What you return must match the entries exactly, except that the pictures are gone.

Records from a data collection
== Segment start ==

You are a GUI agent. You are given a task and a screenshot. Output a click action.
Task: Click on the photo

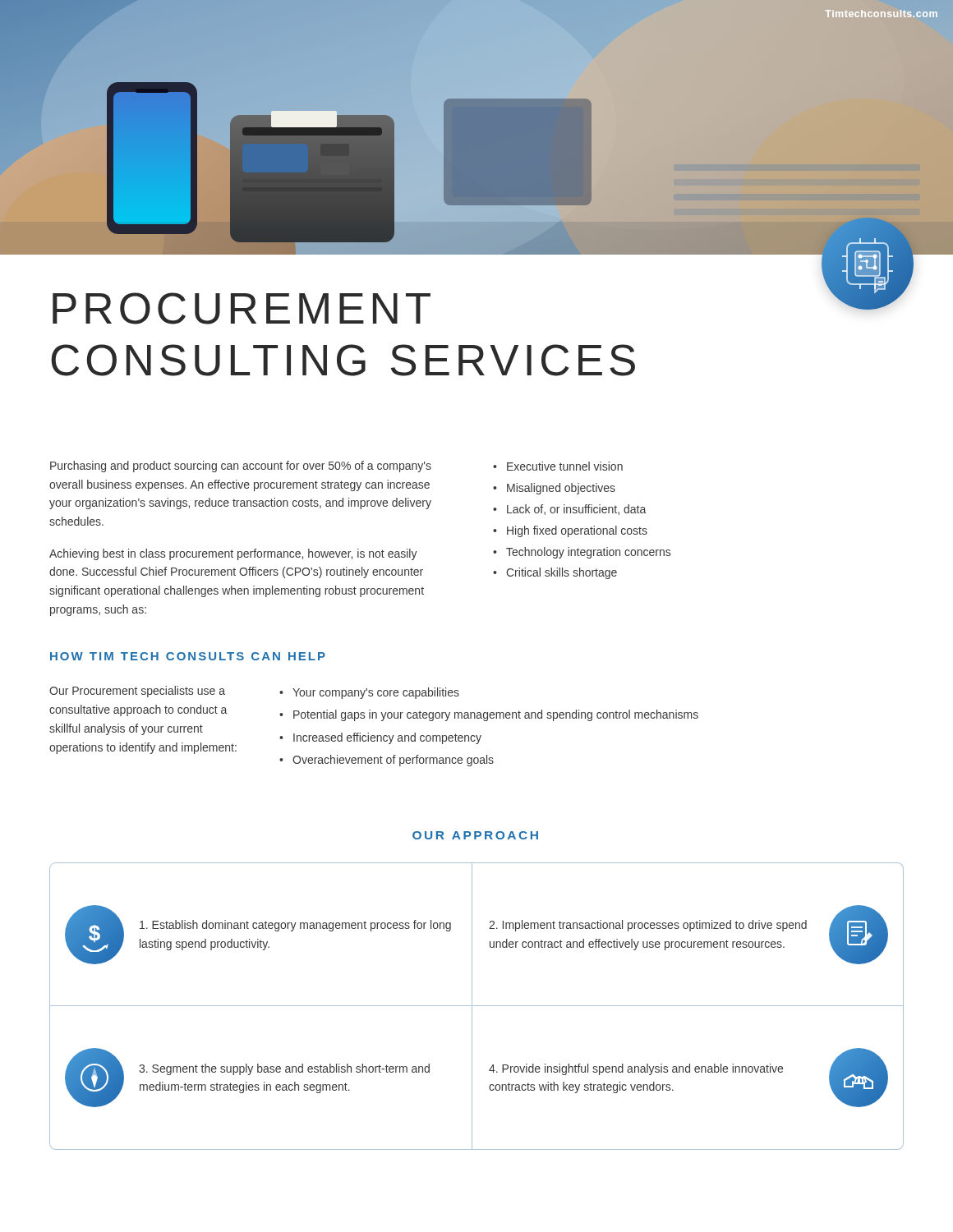[476, 127]
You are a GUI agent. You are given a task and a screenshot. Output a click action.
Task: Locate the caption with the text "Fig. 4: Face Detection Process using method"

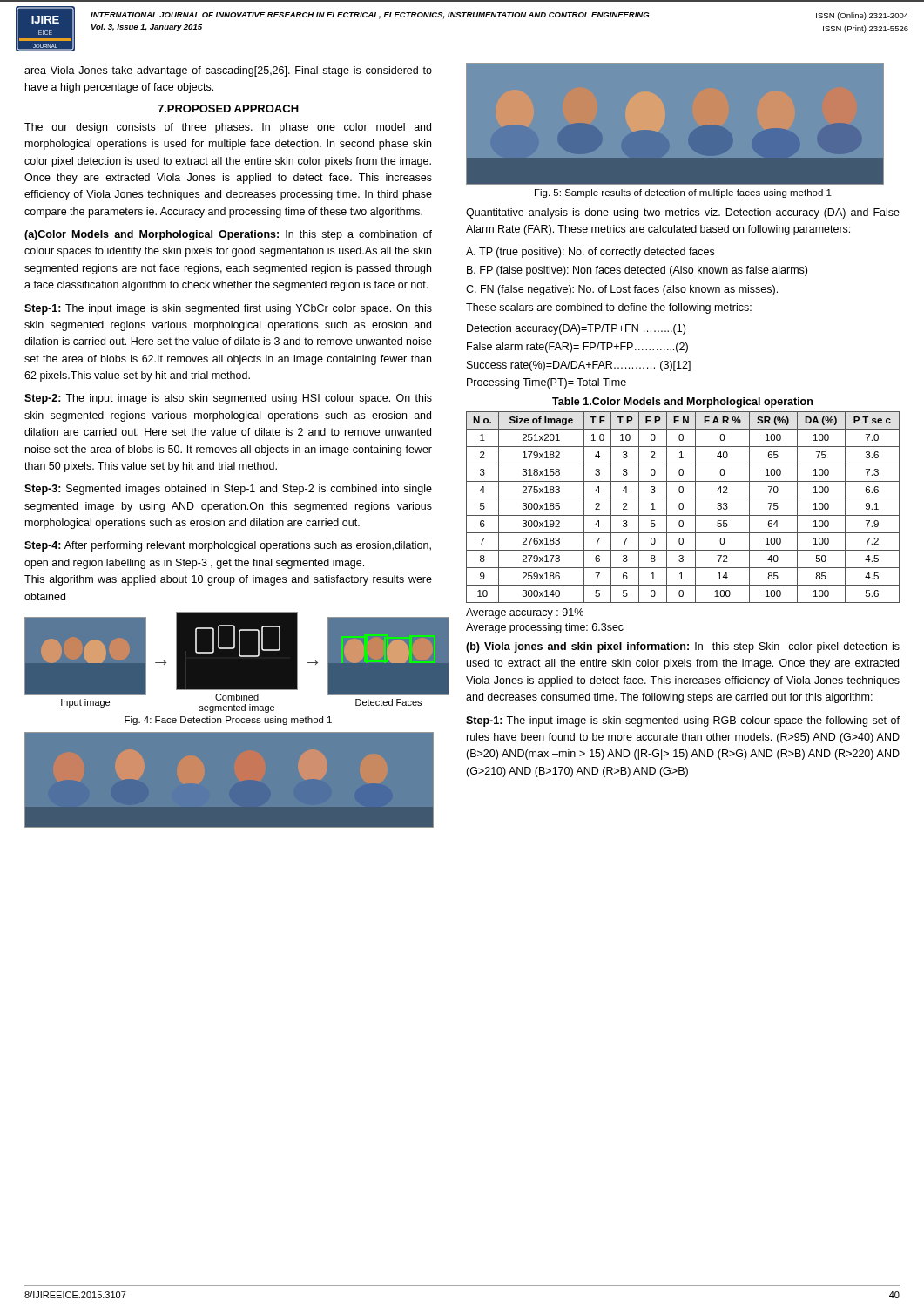228,720
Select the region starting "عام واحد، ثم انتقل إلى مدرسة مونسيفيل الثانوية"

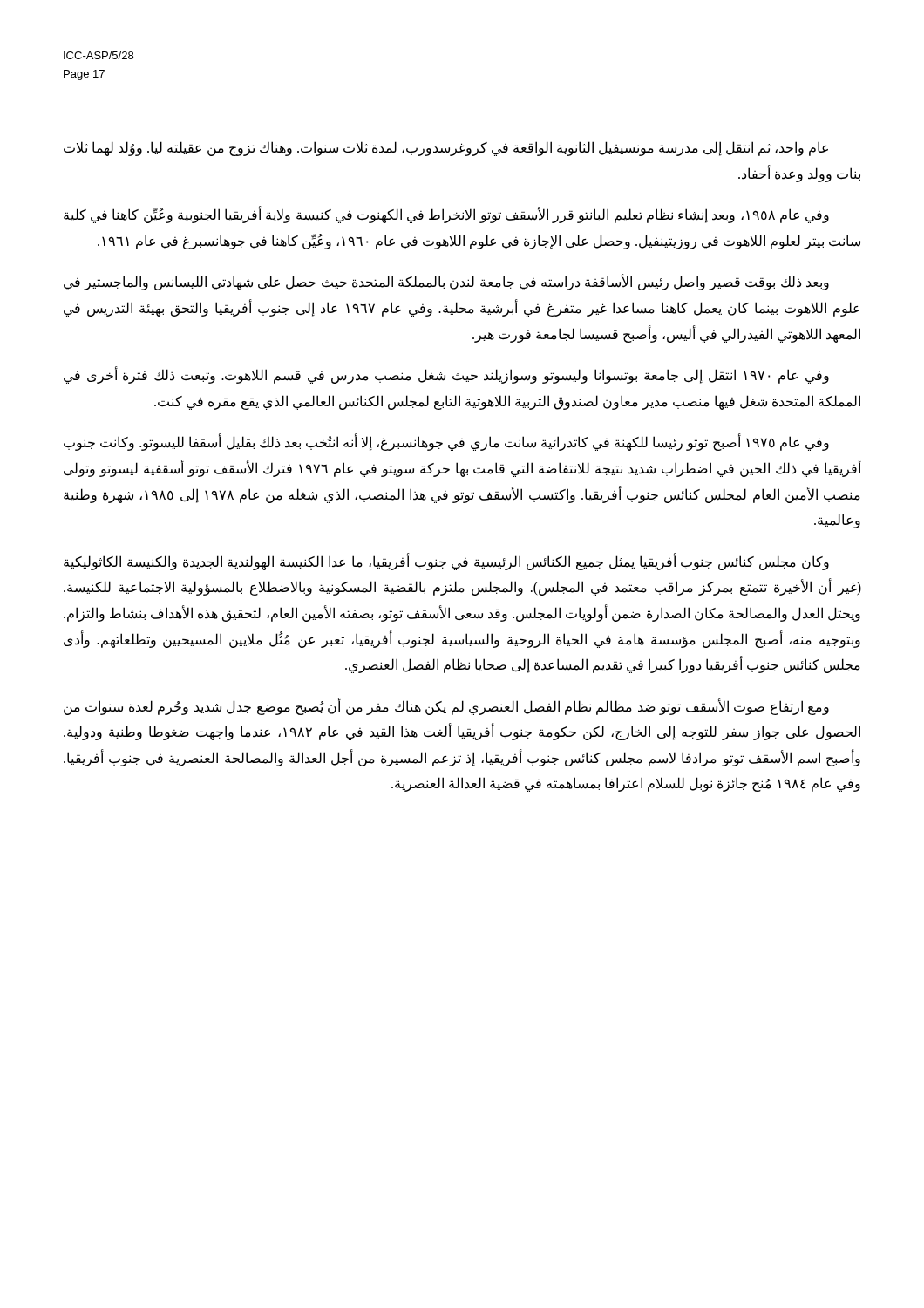(x=462, y=161)
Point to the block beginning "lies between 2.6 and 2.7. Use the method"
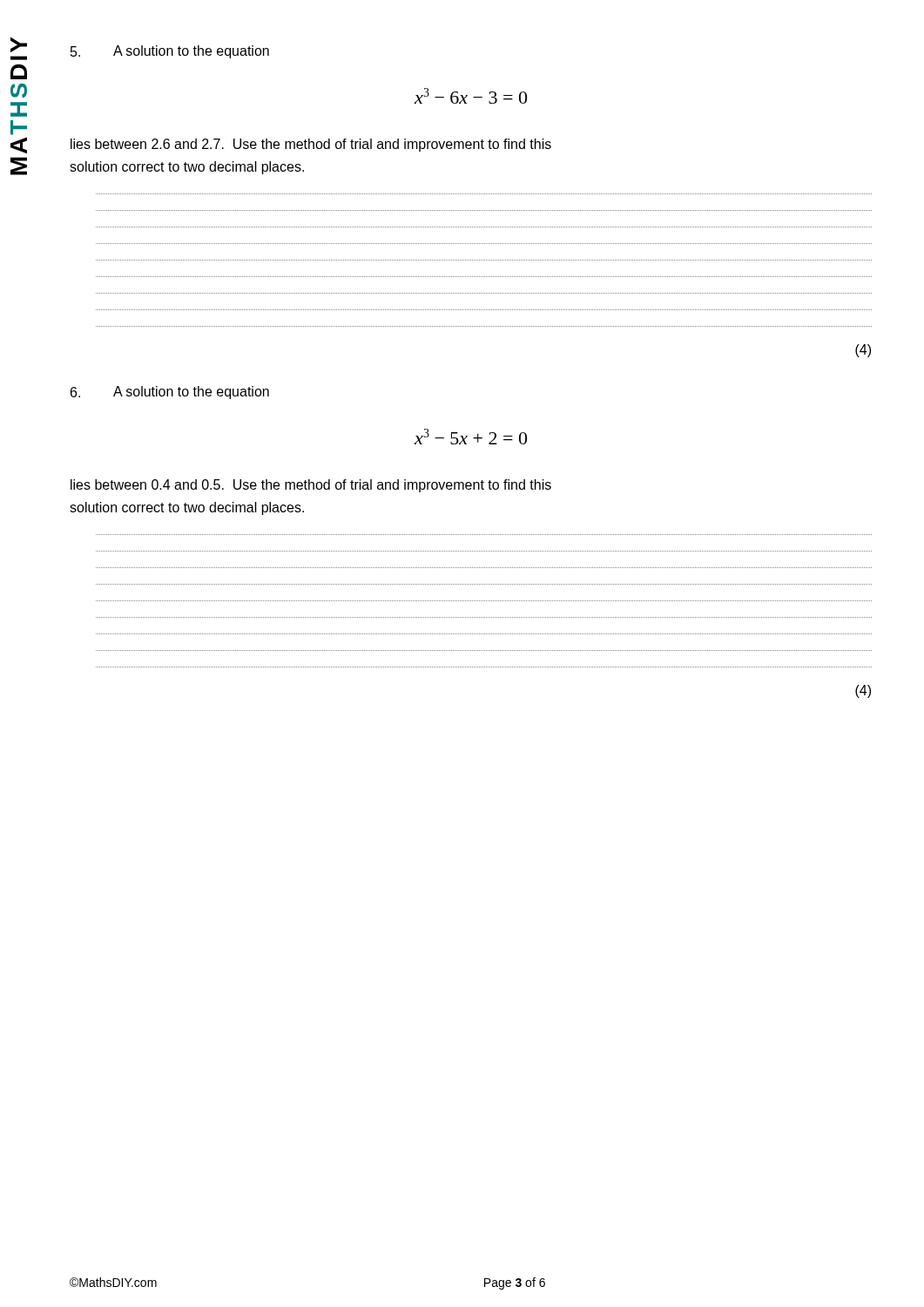The image size is (924, 1307). pyautogui.click(x=311, y=155)

== Segment end ==

Solution to the exercise:
You are a GUI agent. You are given a task and a screenshot. Output a click action.
Task: Click on the photo

[476, 127]
You are a GUI agent. You are given a task and a screenshot. Output a click action.
Task: Locate the caption with the text "Fig. 4: Face Detection Process using method"

228,720
Select the region starting "عام واحد، ثم انتقل إلى مدرسة مونسيفيل الثانوية"

(x=462, y=161)
Point to the block beginning "lies between 2.6 and 2.7. Use the method"
The image size is (924, 1307). pyautogui.click(x=311, y=155)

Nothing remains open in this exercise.